Unlike Sudoku, the randomness of a deck is its charm. It's what allows for so many different games. And for magicians, it allows for so many possibilities to grab randomness by the horns and command it to do our bidding. But in nearly every case I've witnessed over three decades in magic, the routine was always deductive in process or inductive in premise. The magician uses linear pieces of information to come to a conclusion.
For example, say the deck you have is marked, and every card's identity is known to the magician at a glance. The deck may still be random, but it's no longer completely unknown. There are so many tricks, so many routines that are based on what you see in those markings. The card on top, on bottom, or cut to in the middle becomes the anchor, the key card, the clue to color, suit, value or stack. And this means that in most cases, the minimum number of clues required to reach a conclusion in your routine is usually 1—one card. In fact, the more cards you add to your routine with a marked deck, the more cards you must then keep track of as you go. And in a strange dichotomy to Sudoku, your "clues" will keep moving as the deck is shuffled, only making the situation harder.

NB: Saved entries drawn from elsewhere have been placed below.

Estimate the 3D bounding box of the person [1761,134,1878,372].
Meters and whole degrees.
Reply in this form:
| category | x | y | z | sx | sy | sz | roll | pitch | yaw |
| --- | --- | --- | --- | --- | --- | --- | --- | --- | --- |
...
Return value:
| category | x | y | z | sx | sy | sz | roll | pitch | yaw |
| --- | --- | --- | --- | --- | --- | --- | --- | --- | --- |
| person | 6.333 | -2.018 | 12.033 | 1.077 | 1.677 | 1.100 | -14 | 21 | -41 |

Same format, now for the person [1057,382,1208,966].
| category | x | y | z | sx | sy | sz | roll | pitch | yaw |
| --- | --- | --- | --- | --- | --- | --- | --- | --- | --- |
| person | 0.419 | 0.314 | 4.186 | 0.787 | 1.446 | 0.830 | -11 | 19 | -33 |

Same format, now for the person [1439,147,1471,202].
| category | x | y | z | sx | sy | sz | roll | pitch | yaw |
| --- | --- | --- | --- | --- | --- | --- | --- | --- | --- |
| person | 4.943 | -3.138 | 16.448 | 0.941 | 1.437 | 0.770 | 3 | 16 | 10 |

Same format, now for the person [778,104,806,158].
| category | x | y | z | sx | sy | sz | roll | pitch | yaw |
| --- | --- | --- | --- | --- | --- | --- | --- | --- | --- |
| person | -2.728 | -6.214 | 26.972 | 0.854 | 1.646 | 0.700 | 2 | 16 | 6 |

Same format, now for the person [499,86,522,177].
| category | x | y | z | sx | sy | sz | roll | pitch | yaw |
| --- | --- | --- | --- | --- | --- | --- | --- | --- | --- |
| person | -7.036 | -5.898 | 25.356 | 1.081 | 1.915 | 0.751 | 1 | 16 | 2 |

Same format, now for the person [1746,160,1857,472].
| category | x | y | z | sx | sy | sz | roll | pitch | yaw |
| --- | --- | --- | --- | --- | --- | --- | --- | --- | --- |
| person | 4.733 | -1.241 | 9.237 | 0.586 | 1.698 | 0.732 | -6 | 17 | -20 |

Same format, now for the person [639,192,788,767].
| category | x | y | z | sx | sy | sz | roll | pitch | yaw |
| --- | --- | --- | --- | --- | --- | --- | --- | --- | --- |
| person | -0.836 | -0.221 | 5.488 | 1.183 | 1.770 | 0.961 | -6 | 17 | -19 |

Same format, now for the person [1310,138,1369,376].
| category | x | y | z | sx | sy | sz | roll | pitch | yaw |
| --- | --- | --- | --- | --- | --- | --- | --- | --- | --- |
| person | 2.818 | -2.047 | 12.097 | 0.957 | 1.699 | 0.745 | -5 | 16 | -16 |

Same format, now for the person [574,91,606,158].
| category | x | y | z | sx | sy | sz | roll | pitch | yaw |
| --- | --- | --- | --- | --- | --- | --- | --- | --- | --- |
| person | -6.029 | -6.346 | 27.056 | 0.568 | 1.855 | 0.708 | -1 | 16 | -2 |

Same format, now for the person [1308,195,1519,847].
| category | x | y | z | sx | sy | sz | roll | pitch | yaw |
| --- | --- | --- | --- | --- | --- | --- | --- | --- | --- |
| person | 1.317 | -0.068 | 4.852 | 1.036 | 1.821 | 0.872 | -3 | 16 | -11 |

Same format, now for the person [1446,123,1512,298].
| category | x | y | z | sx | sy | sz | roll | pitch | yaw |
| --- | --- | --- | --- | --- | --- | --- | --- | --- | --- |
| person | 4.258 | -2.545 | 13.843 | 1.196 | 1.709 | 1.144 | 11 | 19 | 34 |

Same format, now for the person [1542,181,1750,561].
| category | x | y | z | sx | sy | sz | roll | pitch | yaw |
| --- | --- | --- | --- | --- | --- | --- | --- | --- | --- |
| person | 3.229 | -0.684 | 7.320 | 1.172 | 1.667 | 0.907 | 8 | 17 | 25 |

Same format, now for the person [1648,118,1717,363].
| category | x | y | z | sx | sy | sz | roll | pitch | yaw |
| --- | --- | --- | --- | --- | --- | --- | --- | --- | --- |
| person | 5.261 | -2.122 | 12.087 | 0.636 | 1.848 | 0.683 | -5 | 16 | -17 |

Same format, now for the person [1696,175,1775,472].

Now, after all of that build-up, you might ask yourself; "Why would anyone compare Sudoku to Cards?". And here's my answer. An important question we in the magic community are asking is the same one every Sudoku master has asked to get to their elite prowess: What is the least amount of information I need to reach a unique and coherent conclusion? But, what's interesting is the disparate processes followed to reach the answer. We may pride ourselves in the magic world for needing fewer clues to master more variables ("1 Mark vs 52 Cards" as opposed to "17 clues vs 49 squares"). But our pride has blinded us to that mental reasoning that Sudoku masters live by, Abductive Reasoning. It's the type of reasoning that allows you to ask questions like "What isn't overtly expressed but must be true if everything else that is expressed is valid?" Or "What is the only possible answer that satisfies the current set of circumstances".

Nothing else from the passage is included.